Dataset entries
Segment Open
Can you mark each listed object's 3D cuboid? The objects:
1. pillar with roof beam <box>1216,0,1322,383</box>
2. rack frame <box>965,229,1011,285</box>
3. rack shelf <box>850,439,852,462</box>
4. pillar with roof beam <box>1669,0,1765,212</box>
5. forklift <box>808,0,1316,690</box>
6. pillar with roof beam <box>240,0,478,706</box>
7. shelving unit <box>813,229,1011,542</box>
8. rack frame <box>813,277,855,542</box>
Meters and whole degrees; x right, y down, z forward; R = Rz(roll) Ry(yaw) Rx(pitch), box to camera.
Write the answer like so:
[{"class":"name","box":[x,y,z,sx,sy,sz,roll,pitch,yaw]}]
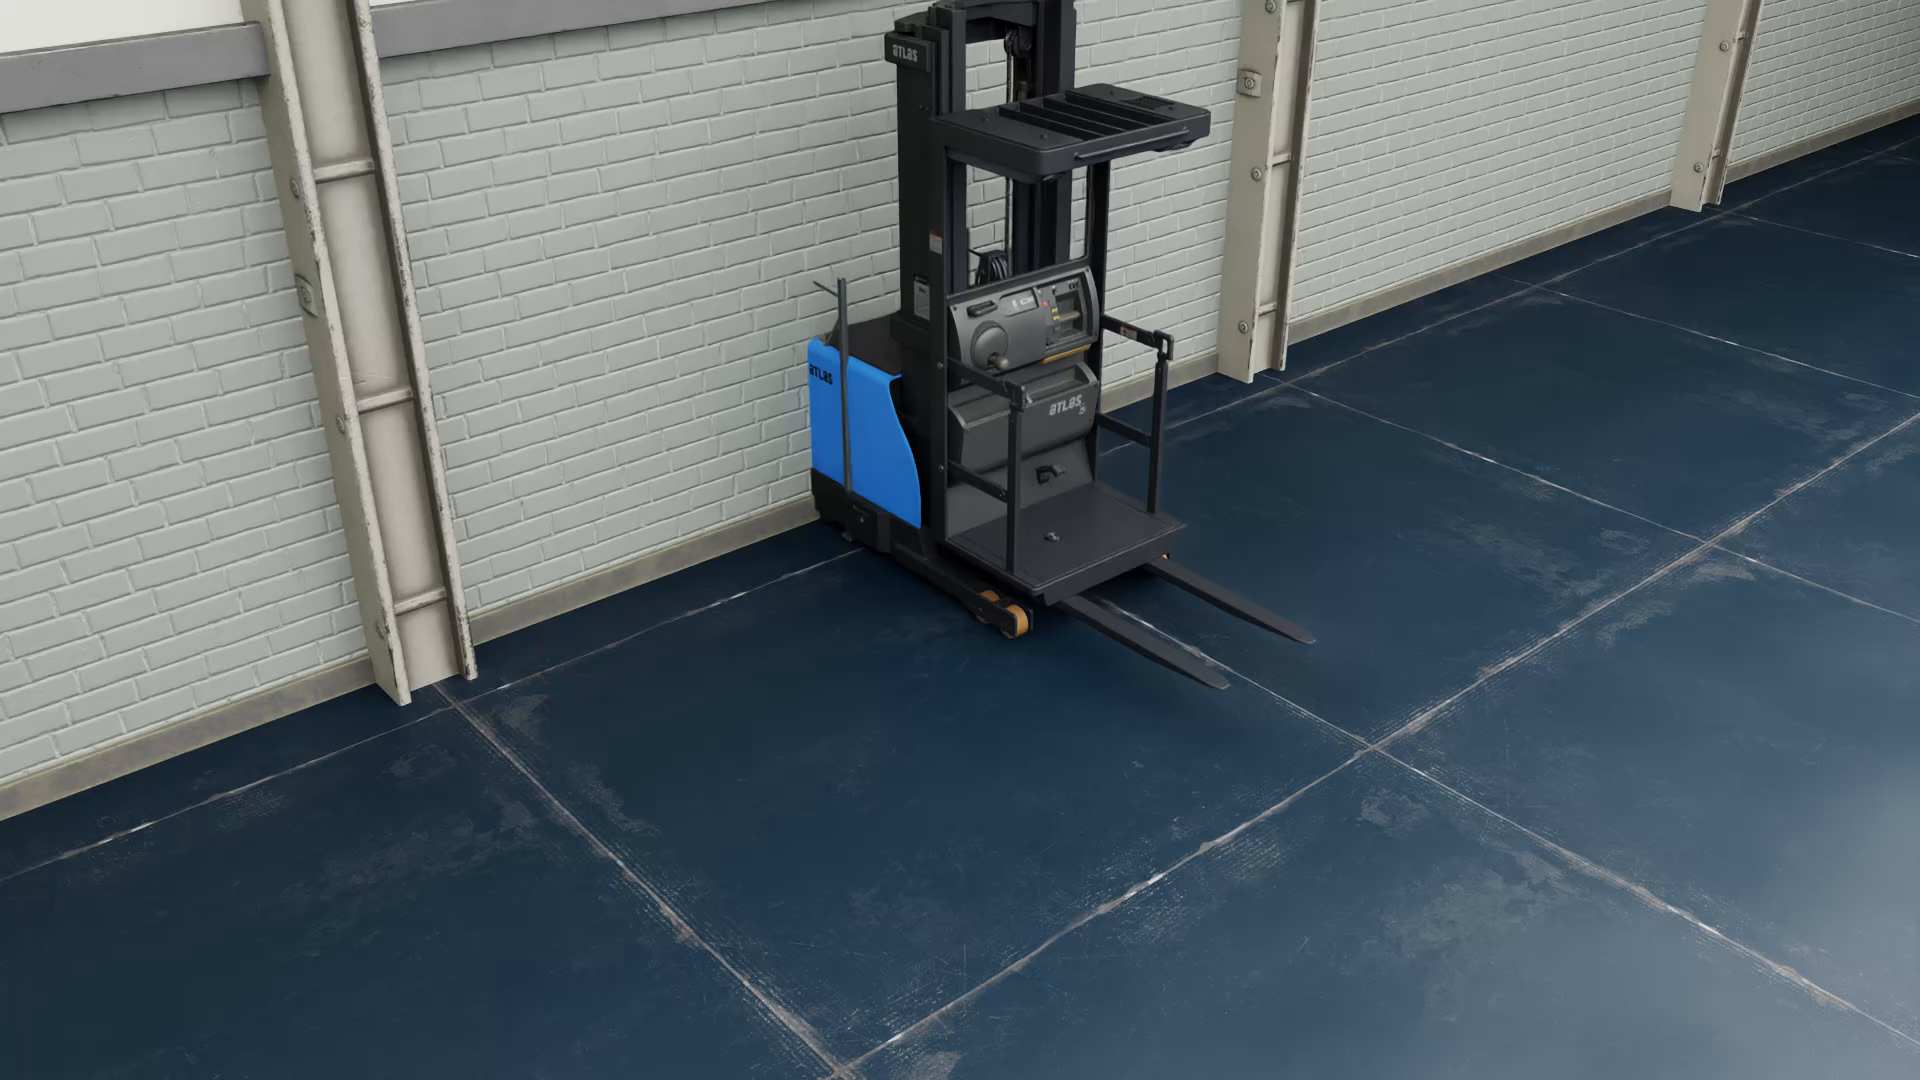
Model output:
[{"class":"pillar with roof beam","box":[4.787,-3.597,6.433,0.400,9.000,9.100,-22,35,-35]},{"class":"rack frame","box":[0.147,-0.990,9.543,0.032,1.500,0.500,-15,30,-27]},{"class":"rack shelf","box":[-0.289,-0.714,9.389,1.000,0.185,0.538,-15,30,-27]},{"class":"pillar with roof beam","box":[9.352,-5.433,9.868,0.400,9.000,9.100,-22,35,-35]},{"class":"forklift","box":[0.467,-1.068,8.139,1.130,2.935,3.031,-22,35,-35]},{"class":"pillar with roof beam","box":[0.223,-1.762,2.999,0.400,9.000,9.100,-22,35,-35]},{"class":"shelving unit","box":[-0.289,-0.875,9.310,1.048,1.500,0.538,-15,30,-27]},{"class":"rack frame","box":[-0.726,-0.760,9.076,0.032,1.500,0.500,-15,30,-27]}]
Segment Closed
Work to complete →
Write out the records once more, word for word, though without the pictures they contain.

Exercise answer →
Can you mark each listed object's 3D cuboid? The objects:
1. pillar with roof beam <box>1216,0,1322,383</box>
2. rack frame <box>965,229,1011,285</box>
3. rack shelf <box>850,439,852,462</box>
4. pillar with roof beam <box>1669,0,1765,212</box>
5. forklift <box>808,0,1316,690</box>
6. pillar with roof beam <box>240,0,478,706</box>
7. shelving unit <box>813,229,1011,542</box>
8. rack frame <box>813,277,855,542</box>
Meters and whole degrees; x right, y down, z forward; R = Rz(roll) Ry(yaw) Rx(pitch), box to camera.
Write the answer like so:
[{"class":"name","box":[x,y,z,sx,sy,sz,roll,pitch,yaw]}]
Model output:
[{"class":"pillar with roof beam","box":[4.787,-3.597,6.433,0.400,9.000,9.100,-22,35,-35]},{"class":"rack frame","box":[0.147,-0.990,9.543,0.032,1.500,0.500,-15,30,-27]},{"class":"rack shelf","box":[-0.289,-0.714,9.389,1.000,0.185,0.538,-15,30,-27]},{"class":"pillar with roof beam","box":[9.352,-5.433,9.868,0.400,9.000,9.100,-22,35,-35]},{"class":"forklift","box":[0.467,-1.068,8.139,1.130,2.935,3.031,-22,35,-35]},{"class":"pillar with roof beam","box":[0.223,-1.762,2.999,0.400,9.000,9.100,-22,35,-35]},{"class":"shelving unit","box":[-0.289,-0.875,9.310,1.048,1.500,0.538,-15,30,-27]},{"class":"rack frame","box":[-0.726,-0.760,9.076,0.032,1.500,0.500,-15,30,-27]}]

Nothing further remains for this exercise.